Important! 重要！ Provisioned IOPS EBS is expensive, and the bill does not shut off when you shut down the EC2 instances they are attached to. 预配置的IOPS EBS很昂贵，当您关闭它们所连接的EC2实例时，账单不会关闭。 (this sucks while you are testing) His advice was to take a snapshot of the EBS volumes, then delete them. （这在测试时很糟糕）他的建议是拍摄EBS卷的快照，然后删除它们。 When you need them again, just create new provisioned IOPS EBS volumes, restore the snapshot, then reconfigure your EC2 instances to attache the new storage. 当您再次需要它们时，只需创建新的预配置IOPS EBS卷，还原快照，然后重新配置EC2实例以附加新存储。 (it's more work than it should be, but it's worth it not to get sucker punched with the IOPS bill. （它的工作量应该超出应有的水平，但值得一提的是不要让傻瓜大肆宣传IOPS法案。

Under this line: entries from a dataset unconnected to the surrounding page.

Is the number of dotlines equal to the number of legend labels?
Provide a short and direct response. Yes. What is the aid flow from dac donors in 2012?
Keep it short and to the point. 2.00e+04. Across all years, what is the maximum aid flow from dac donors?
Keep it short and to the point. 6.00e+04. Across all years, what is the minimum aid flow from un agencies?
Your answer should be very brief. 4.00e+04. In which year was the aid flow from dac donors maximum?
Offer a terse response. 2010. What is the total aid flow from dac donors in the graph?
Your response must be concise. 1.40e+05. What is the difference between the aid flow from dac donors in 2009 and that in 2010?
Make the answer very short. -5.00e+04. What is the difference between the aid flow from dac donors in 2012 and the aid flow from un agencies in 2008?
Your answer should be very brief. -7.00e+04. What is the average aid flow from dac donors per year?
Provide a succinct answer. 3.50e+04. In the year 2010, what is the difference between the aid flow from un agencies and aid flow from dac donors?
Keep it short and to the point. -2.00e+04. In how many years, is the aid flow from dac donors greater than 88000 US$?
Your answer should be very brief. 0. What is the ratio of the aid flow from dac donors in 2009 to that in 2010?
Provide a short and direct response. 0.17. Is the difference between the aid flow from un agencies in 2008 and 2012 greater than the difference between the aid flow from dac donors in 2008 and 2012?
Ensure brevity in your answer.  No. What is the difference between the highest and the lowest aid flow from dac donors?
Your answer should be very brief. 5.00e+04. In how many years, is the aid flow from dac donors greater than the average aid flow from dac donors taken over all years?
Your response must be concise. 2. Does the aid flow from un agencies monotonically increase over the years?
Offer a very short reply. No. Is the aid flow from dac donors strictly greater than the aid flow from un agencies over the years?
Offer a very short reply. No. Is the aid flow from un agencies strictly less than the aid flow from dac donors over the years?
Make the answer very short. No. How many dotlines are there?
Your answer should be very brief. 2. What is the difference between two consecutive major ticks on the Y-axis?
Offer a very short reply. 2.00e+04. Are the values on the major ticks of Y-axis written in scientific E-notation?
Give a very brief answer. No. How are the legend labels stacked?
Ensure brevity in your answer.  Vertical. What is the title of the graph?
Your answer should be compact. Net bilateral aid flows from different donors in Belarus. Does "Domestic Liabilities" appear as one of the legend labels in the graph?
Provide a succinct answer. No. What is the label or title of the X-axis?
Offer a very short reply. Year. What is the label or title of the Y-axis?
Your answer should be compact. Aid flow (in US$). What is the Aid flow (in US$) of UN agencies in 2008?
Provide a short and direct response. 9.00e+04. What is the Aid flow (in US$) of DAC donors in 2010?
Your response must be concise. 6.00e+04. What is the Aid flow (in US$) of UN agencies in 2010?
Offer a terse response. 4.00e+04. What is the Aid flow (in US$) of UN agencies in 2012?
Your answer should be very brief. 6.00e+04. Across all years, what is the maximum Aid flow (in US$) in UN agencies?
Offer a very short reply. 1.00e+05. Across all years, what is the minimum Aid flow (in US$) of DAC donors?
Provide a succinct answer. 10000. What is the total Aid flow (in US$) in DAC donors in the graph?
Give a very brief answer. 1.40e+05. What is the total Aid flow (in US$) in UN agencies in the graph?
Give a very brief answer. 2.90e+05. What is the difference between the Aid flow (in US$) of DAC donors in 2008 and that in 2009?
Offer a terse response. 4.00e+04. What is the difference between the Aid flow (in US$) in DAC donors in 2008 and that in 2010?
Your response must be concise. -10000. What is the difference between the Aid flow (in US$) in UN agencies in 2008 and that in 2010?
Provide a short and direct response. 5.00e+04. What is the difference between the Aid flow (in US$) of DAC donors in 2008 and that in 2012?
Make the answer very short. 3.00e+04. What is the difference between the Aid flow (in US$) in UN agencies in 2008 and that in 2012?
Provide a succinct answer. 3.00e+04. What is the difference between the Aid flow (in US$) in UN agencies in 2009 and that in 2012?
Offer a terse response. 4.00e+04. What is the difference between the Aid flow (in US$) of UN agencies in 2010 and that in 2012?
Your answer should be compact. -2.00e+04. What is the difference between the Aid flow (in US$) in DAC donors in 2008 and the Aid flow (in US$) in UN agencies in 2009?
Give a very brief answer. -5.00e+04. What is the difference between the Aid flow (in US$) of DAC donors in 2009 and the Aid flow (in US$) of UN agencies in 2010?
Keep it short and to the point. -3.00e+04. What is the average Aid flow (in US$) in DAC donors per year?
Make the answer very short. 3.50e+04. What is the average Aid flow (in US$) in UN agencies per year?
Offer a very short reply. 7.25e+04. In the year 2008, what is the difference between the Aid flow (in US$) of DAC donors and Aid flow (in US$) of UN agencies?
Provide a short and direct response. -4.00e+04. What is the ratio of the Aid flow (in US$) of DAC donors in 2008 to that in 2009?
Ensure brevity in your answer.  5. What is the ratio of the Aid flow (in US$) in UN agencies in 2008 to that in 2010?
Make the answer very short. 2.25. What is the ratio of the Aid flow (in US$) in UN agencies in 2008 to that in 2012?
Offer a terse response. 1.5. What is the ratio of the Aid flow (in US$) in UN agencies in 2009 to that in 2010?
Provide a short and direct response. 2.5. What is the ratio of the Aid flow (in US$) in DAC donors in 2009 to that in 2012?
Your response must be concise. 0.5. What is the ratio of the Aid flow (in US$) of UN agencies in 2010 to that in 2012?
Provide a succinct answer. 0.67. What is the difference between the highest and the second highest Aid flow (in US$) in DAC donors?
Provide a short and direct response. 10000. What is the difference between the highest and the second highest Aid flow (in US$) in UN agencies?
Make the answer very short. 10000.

I've got the same question. 我有同样的问题。 Both Amazon and Mongodb try to market a lot on provisioned IOPs chewing over its advantages over a standard EBS volume. 亚马逊和Mongodb都试图在配置的IOP上大肆宣传其优于标准EBS卷的优势。 We run prod instances on m2.4xlarge aws instances with 1 primary and 2 secondaries setup per service. 我们在m2.4xlarge aws实例上运行prod实例，每个服务设置1个主服务器和2个辅助服务器。 In the highest utilized service cluster, apart from a few slow queries the monitoring charts do not reveal any drop on performance at all. 在利用率最高的服务集群中，除了一些缓慢的查询之外，监控图表根本不会显示任何性能下降。 Page faults are rare occurrences and that too between 0.0001 and 0.0004 faults once or twice a day. 页面错误很少发生，每天一次或两次也会发生0.0001到0.0004次错误。 Background flushes are in milliseconds and locks and queues are so far at manageable levels. 后台刷新以毫秒为单位，锁和队列到目前为止处于可管理的级别。 I/O waits on the Primary node at any time ranges between 0 to 2 %, mostly less than 1 and %idle steadily stays above 90% mark. I / O在主节点上等待0到2％之间的任何时间，大多数小于1，并且％idle空闲稳定地保持在90％以上。 Do I still need to consider provisioned IOPs given we've a budget still to improve any potential performance drag? 我是否仍需要考虑配置的IOP，因为我们仍有预算可以改善任何潜在的性能拖累？ Any guidance will be appreciated. 任何指导将不胜感激。